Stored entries

---

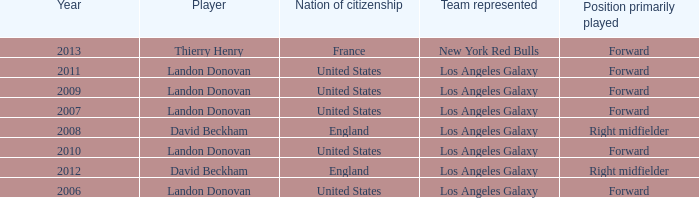Can you parse all the data within this table? {'header': ['Year', 'Player', 'Nation of citizenship', 'Team represented', 'Position primarily played'], 'rows': [['2013', 'Thierry Henry', 'France', 'New York Red Bulls', 'Forward'], ['2011', 'Landon Donovan', 'United States', 'Los Angeles Galaxy', 'Forward'], ['2009', 'Landon Donovan', 'United States', 'Los Angeles Galaxy', 'Forward'], ['2007', 'Landon Donovan', 'United States', 'Los Angeles Galaxy', 'Forward'], ['2008', 'David Beckham', 'England', 'Los Angeles Galaxy', 'Right midfielder'], ['2010', 'Landon Donovan', 'United States', 'Los Angeles Galaxy', 'Forward'], ['2012', 'David Beckham', 'England', 'Los Angeles Galaxy', 'Right midfielder'], ['2006', 'Landon Donovan', 'United States', 'Los Angeles Galaxy', 'Forward']]} What is the sum of all the years that Landon Donovan won the ESPY award? 5.0. 
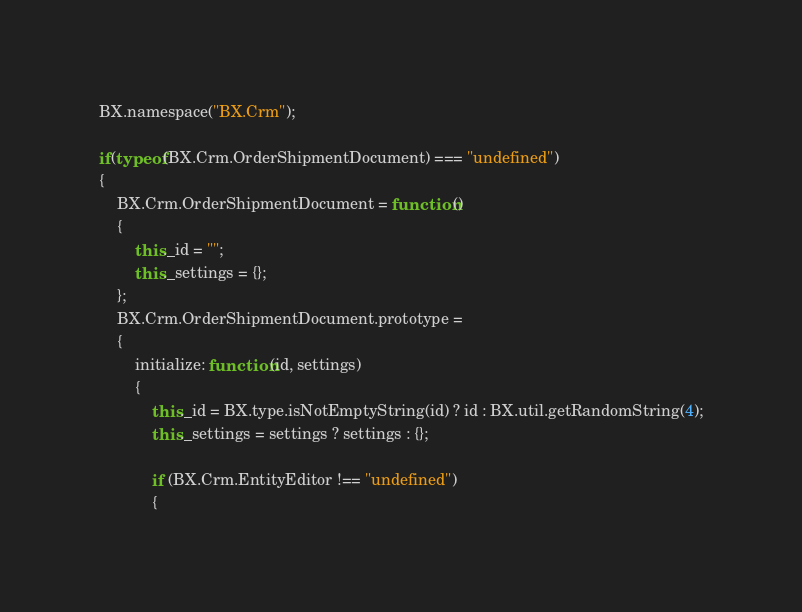<code> <loc_0><loc_0><loc_500><loc_500><_JavaScript_>BX.namespace("BX.Crm");

if(typeof(BX.Crm.OrderShipmentDocument) === "undefined")
{
	BX.Crm.OrderShipmentDocument = function()
	{
		this._id = "";
		this._settings = {};
	};
	BX.Crm.OrderShipmentDocument.prototype =
	{
		initialize: function(id, settings)
		{
			this._id = BX.type.isNotEmptyString(id) ? id : BX.util.getRandomString(4);
			this._settings = settings ? settings : {};

			if (BX.Crm.EntityEditor !== "undefined")
			{</code> 
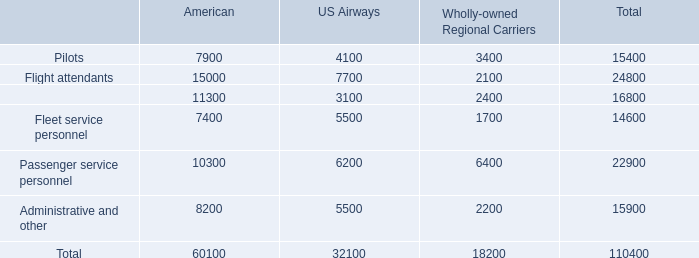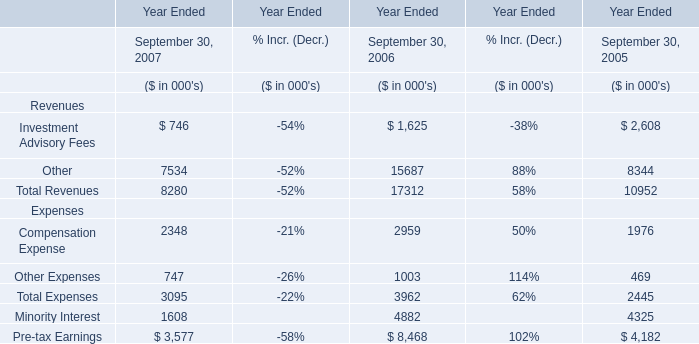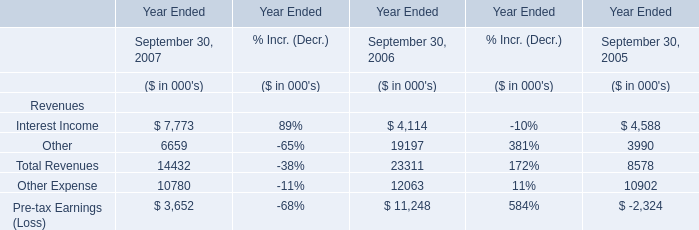As As the chart 1 shows,the Total Revenues in which year ended September 30 ranks first? 
Answer: 2006. 
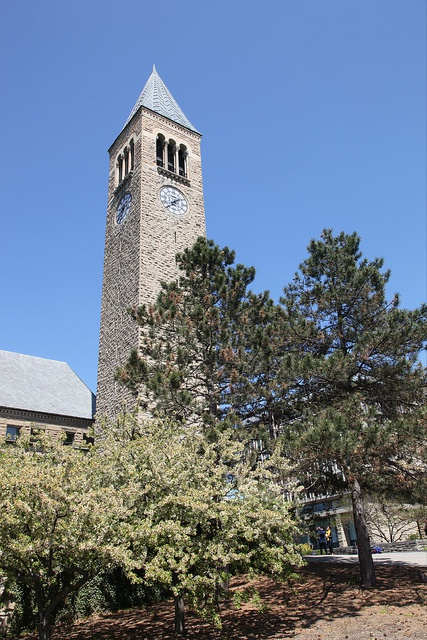Describe the objects in this image and their specific colors. I can see clock in gray, lightgray, and darkgray tones and clock in gray, darkgray, and black tones in this image. 
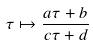<formula> <loc_0><loc_0><loc_500><loc_500>\tau \mapsto \frac { a \tau + b } { c \tau + d }</formula> 
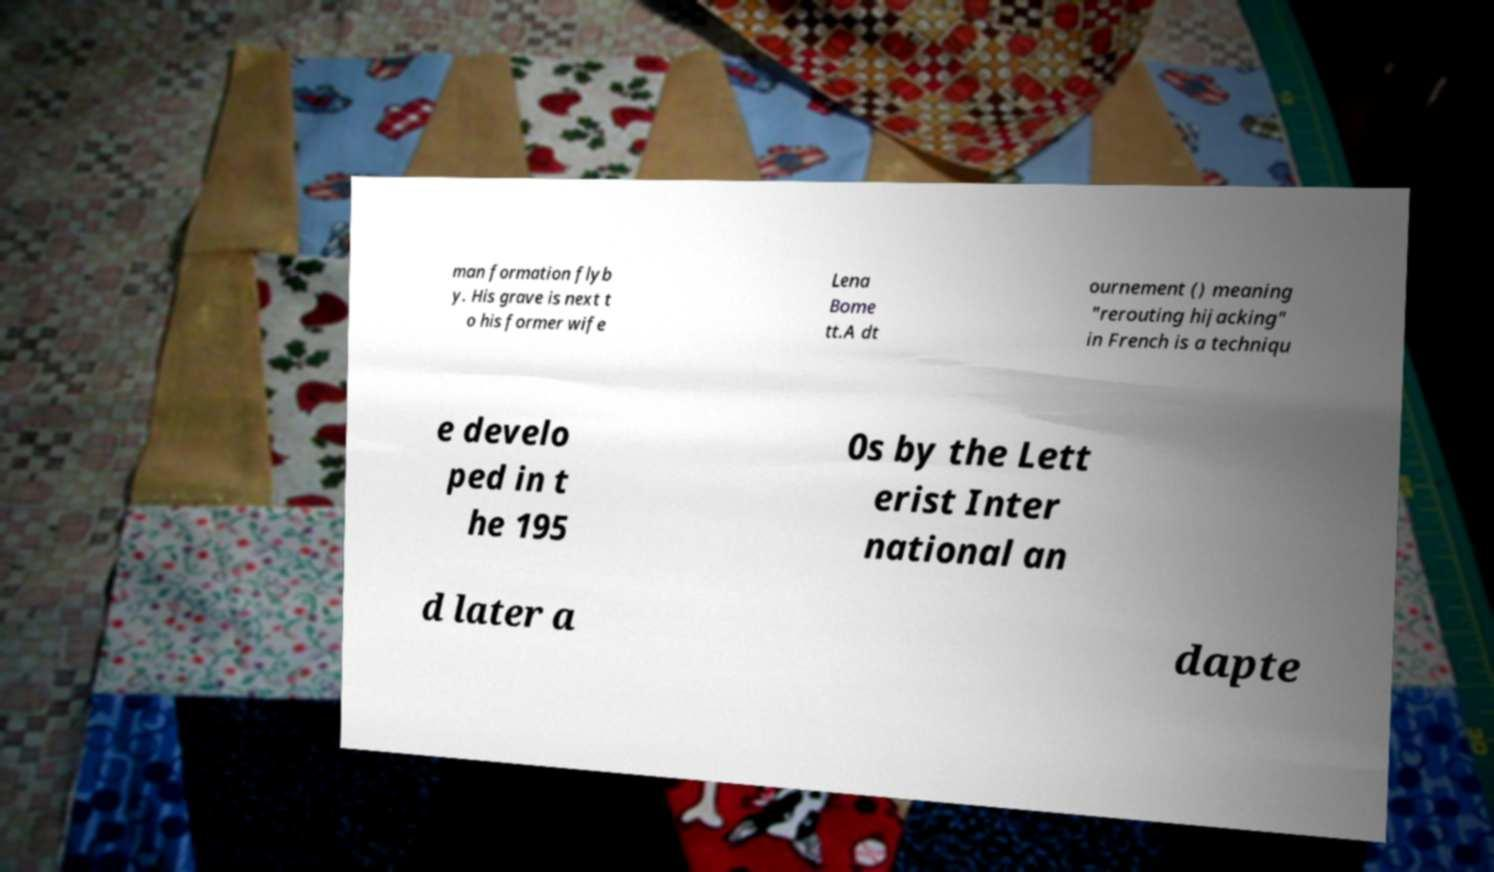What messages or text are displayed in this image? I need them in a readable, typed format. man formation flyb y. His grave is next t o his former wife Lena Bome tt.A dt ournement () meaning "rerouting hijacking" in French is a techniqu e develo ped in t he 195 0s by the Lett erist Inter national an d later a dapte

---

[WHAT IS REQUIRED] Lines in the data holding the word "undefined": count them and say how many, nothing more.

[ANSWER SECTION] 2